Liam Slater/Robbie X/Gabriel Kidd/ Lionheart should be fun. Why have a ladder match when they can't show you people hitting it :lmao

Flex/Cruz vs Drake/Williams was pretty good. Doug is looking old as hell. 

Bring on the ladies!


----------



## Platt (Oct 20, 2004)

I tuned in for the womens match and was planning to watch the rest on catch up later but I just can't do it. The camera work is if anything worse than last week. A ten minute match and my head is spinning half way in.


----------



## zrc (Nov 14, 2011)

Yeah the camera stuff is awful. But its mostly because of things they're not allowed to show at 5pm. Which makes me wonder why they put it on at 5 knowing that. 

Enjoyed the women's match though to be honest. Bit Botchy in parts but fun.


----------



## Platt (Oct 20, 2004)

It's not just that though they're doing it the whole time, I counted 20 camera cuts from Viper appearing on the stage to getting in the ring.


----------



## zrc (Nov 14, 2011)

Platt said:


> It's not just that though they're doing it the whole time, I counted 20 camera cuts from Viper appearing on the stage to getting in the ring.

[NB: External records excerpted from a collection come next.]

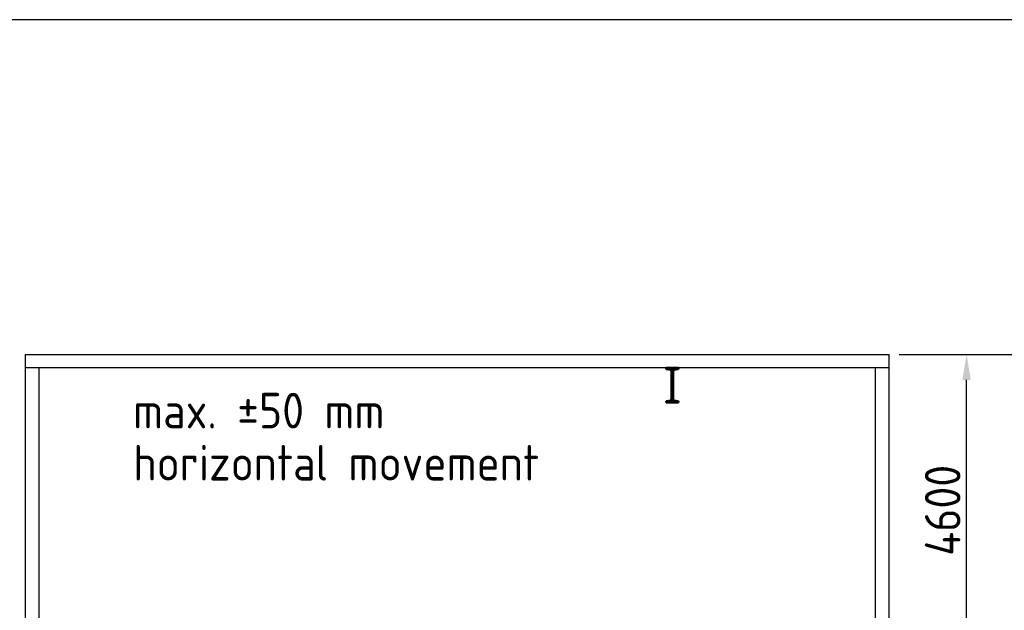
# Model space of a CAD drawing. Header units: millimetres. Extents: x -34725 to 178350, y -13707 to 126150.
# Tile 240 of 256: x 8586 to 23117, y 117436 to 126150. Entities that reach past the tile are written whole.
import ezdxf

# ---------------------------------------------------------------- set-up
doc = ezdxf.new("R2010")
doc.units = ezdxf.units.MM
doc.linetypes.add('AM_ISO08W050', pattern=[18, 12, -1.5, 3, -1.5])
doc.layers.get('0').update_dxf_attribs({"linetype": 'CONTINUOUS'})
doc.layers.get('Defpoints').update_dxf_attribs({"linetype": 'CONTINUOUS'})
for name, color, linetype, lineweight in [('AM_0', 7, 'CONTINUOUS', 50), ('AM_4', 3, 'CONTINUOUS', 25), ('AM_5', 3, 'CONTINUOUS', 25), ('AM_6', 2, 'CONTINUOUS', 35), ('AM_7', 4, 'AM_ISO08W050', 25)]:
    doc.layers.add(name, color=color, linetype=linetype, lineweight=lineweight)
doc.layers.add('VIEW', color=1, linetype='CONTINUOUS')
doc.styles.get("Standard").update_dxf_attribs({"font": 'isocp.shx'})
doc.dimstyles.new('AM_ISO', dxfattribs={"dimtxt": 3.5, "dimasz": 2.5, "dimexe": 2, "dimexo": 1, "dimgap": 0.6, "dimtad": 1, "dimdsep": 46, "dimtxsty": 'Standard', "dimcen": 0, "dimclrd": 256, "dimclre": 256, "dimclrt": 2, "dimadec": 0, "dimazin": 2, "dimtp": 0.1, "dimtm": 0.1, "dimtfac": 0.71, "dimtmove": 0, "dimatfit": 3, "dimfxl": 1, "dimtfill": 1, "dimtfillclr": 256, "dimlwd": -1, "dimlwe": -1, "dimarcsym": 0})

# ---------------------------------------------------------------- blocks, each defined once
blk = doc.blocks.new('Gebäude_1')
at = {"layer": 'AM_4'}
for p, q in [((-9550, 95300), (-9550, 200)), ((-9350, 95100), (-9350, 200))]:
    blk.add_line(p, q, dxfattribs=at)
blk = doc.blocks.new('*D61')
at = {"layer": 'AM_5', "transparency": 16777216}
for p, q in [((21568, 121211), (24431, 121211)), ((24131, 120836), (24131, 114286)), ((21368, 113911), (24431, 113911))]:
    blk.add_line(p, q, dxfattribs=at)
for points in [[(24068, 120836), (24193, 120836), (24131, 121211)], [(24068, 114286), (24193, 114286), (24131, 113911)]]:
    blk.add_solid(points, dxfattribs=at)
at = {"layer": 'Defpoints', "color": 0, "transparency": 16777216}
for p in [(21418, 121211), (21218, 113911), (24131, 113911)]:
    blk.add_point(p, dxfattribs=at)
at = {"layer": 'AM_5', "color": 2, "transparency": 16777216, "insert": (23778, 117561), "char_height": 525, "attachment_point": 5, "rotation": 90, "bg_fill": 3, "box_fill_scale": 1.1, "bg_fill_color": 256, "bg_fill_true_color": 13158600, "bg_fill_transparency": 0}
blk.add_mtext('7300', dxfattribs=at)
blk = doc.blocks.new('S20X95')
for p, q in [((-91, 0), (-91, -10)), ((91, 0), (-91, 0)), ((91, 0), (91, -10)), ((-82, -20), (-26, -26)), ((-10, -43), (-10, -465)), ((10, -43), (10, -465)), ((26, -26), (82, -20)), ((-91, -498), (-91, -508)), ((91, -508), (-91, -508)), ((-82, -488), (-26, -482)), ((26, -482), (82, -488)), ((91, -498), (91, -508))]:
    blk.add_line(p, q)
for centre, radius, start, end in [((-81, -10), 10, 180, 264), ((-28, -43), 18, 0, 84), ((28, -43), 18, 96, 180), ((81, -10), 10, 276, 0), ((-81, -498), 10, 96, 180), ((-28, -465), 18, 276, 0), ((28, -465), 18, 180, 264), ((81, -498), 10, 0, 84)]:
    blk.add_arc(centre, radius, start, end)
at = {"layer": 'AM_7'}
blk.add_line((0, 0), (0, -508), dxfattribs=at)
blk = doc.blocks.new('*D116')
at = {"layer": 'AM_5', "transparency": 16777216}
for p, q in [((21568, 121211), (22861, 121211)), ((22561, 116986), (22561, 120836)), ((19068, 116611), (22861, 116611))]:
    blk.add_line(p, q, dxfattribs=at)
for points in [[(22498, 120836), (22623, 120836), (22561, 121211)], [(22498, 116986), (22623, 116986), (22561, 116611)]]:
    blk.add_solid(points, dxfattribs=at)
at = {"layer": 'Defpoints', "color": 0, "transparency": 16777216}
for p in [(21418, 121211), (22561, 121211), (18918, 116611)]:
    blk.add_point(p, dxfattribs=at)
at = {"layer": 'AM_5', "color": 2, "transparency": 16777216, "insert": (22208, 118911), "char_height": 525, "attachment_point": 5, "rotation": 90, "bg_fill": 3, "box_fill_scale": 1.1, "bg_fill_color": 256, "bg_fill_true_color": 13158600, "bg_fill_transparency": 0}
blk.add_mtext('4600', dxfattribs=at)

msp = doc.modelspace()

# ---------------------------------------------------------------- linework, layer by layer
at = {"layer": 'AM_0'}
for points in [[(13214.043, 118651.172, 0, 184.495, 0), (13765.293, 118651.172, 0, 0, 0), (15013.63, 118651.172, 0, 0, 0)], [(16813.217, 118651.172, 0, 184.495, 0), (16261.967, 118651.172, 0, 0, 0), (15013.63, 118651.172, 0, 0, 0)]]:
    msp.add_lwpolyline(points, format="xyseb", dxfattribs=at)
at = {"layer": 'AM_4'}
for p, q in [((8667.716, 121211.467), (21417.716, 121211.467)), ((21417.716, 113711.467), (21417.716, 121211.467)), ((21417.716, 121011.467), (8667.716, 121011.467)), ((21217.716, 113911.467), (21217.716, 121011.467))]:
    msp.add_line(p, q, dxfattribs=at)
at = {"layer": 'VIEW'}
msp.add_lwpolyline([(0, 0), (178350, 0), (178350, 126150), (0, 126150)], close=True, dxfattribs=at)

# ---------------------------------------------------------------- block references
at = {"layer": 'AM_0'}
for name, p in [('Gebäude_1', (18217.716, 25911.467)), ('S20X95', (18217.716, 121011.467))]:
    msp.add_blockref(name, p, dxfattribs=at)

# ---------------------------------------------------------------- texts
at = {"layer": 'AM_6', "color": 2}
for s, p in [('max. %%p50 mm', (10259.427, 120119.94)), ('horizontal movement', (10259.427, 119350.022))]:
    msp.add_text(s, height=525, dxfattribs=at).set_placement(p)

# ---------------------------------------------------------------- next in the draw order: dimensions: what is measured, and where the dimension line sits
at = {"layer": 'AM_5'}
dim = msp.add_linear_dim(base=(24130.854, 113911.467), p1=(21417.716, 121211.467), p2=(21217.716, 113911.467), angle=90, dimstyle='AM_ISO', override={"dimscale": 150}, dxfattribs=at)
dim.commit()
dim.dimension.update_dxf_attribs({"geometry": '*D61', "text_midpoint": (23778.354, 117561.467)})

# ---------------------------------------------------------------- next in the draw order: dimensions: what is measured, and where the dimension line sits
dim = msp.add_linear_dim(base=(22560.981, 121211.467), p1=(18917.716, 116611.467), p2=(21417.716, 121211.467), angle=90, dimstyle='AM_ISO', override={"dimscale": 150}, dxfattribs=at)
dim.commit()
dim.dimension.update_dxf_attribs({"geometry": '*D116', "text_midpoint": (22208.481, 118911.467)})

doc.saveas('drawing.dxf')

Happened throughout the show too. The ladder match in particular was far worse than the camera work in the women's match. Its clearly not gonna change throughout the series either. If they'd filmed half the series together then the last half whilst it airs they could've worked on some of the problems (camera work and audience).

If the ratings drop they'll probably get the Sunday morning slot the repeat currently gets or at worst the midnight slot. Which happened with that hideous karaoke show.


----------



## Platt (Oct 20, 2004)

If they really cared they could go and re-edit it they'll still have all the raw footage but I doubt very much they will.


----------



## MrFlash (Jan 9, 2016)

Platt said:


> I tuned in for the womens match and was planning to watch the rest on catch up later but I just can't do it. *The camera work is if anything worse than last week.* A ten minute match and my head is spinning half way in.


Man that sucks to hear, last week was terrible (i thought WWE did too many camera cuts before last week)! Really put me off and if it isn't improving I think I'll give it a miss.


----------



## CENAS HEEL TURN (Feb 27, 2018)

Nearly 4 hours later and WOS is still a top trending topic in the UK and everyone is talking about the women's match.

The ratings will be interesting tomorrow.


----------



## Lesnar Turtle (Dec 6, 2011)

Its so middle of the road. Nothing is especially bad but theres nothing particularly compelling or engaging about it either. Its just very bland, safe, generic and inoffensive which I guess was to be expected. 

That said, having British wrestling on such a large platform can only be a good thing, even if its not the most remarkable product out there.


----------



## SHIVV-EAUX-EMME-GEEE (Sep 12, 2013)

This totally slipped my mind. I need to play catch up on this posthaste.


----------



## Mordecay (Aug 15, 2014)

Overnight ratings are not good, apparently 0.6m with 0.8m peaks, down from 0.9m with 1.1m peaks, that's a huge drop.


----------



## Lesnar Turtle (Dec 6, 2011)

Mordecay said:


> Overnight ratings are not good, apparently 0.6m with 0.8m peaks, down from 0.9m with 1.1m peaks, that's a huge drop.


Wouldnt be too surprising if it got relegated to the Sunday slot or put on ITV2/3/4 before the 10 episode run is over.


----------



## Alright_Mate (Jul 21, 2014)

A ratings drop, how unsurprising.

Unfortunately the layout of this show is absolutely dogshit, the camerawork is the biggest problem, nobody is going to put up with that for ten straight weeks.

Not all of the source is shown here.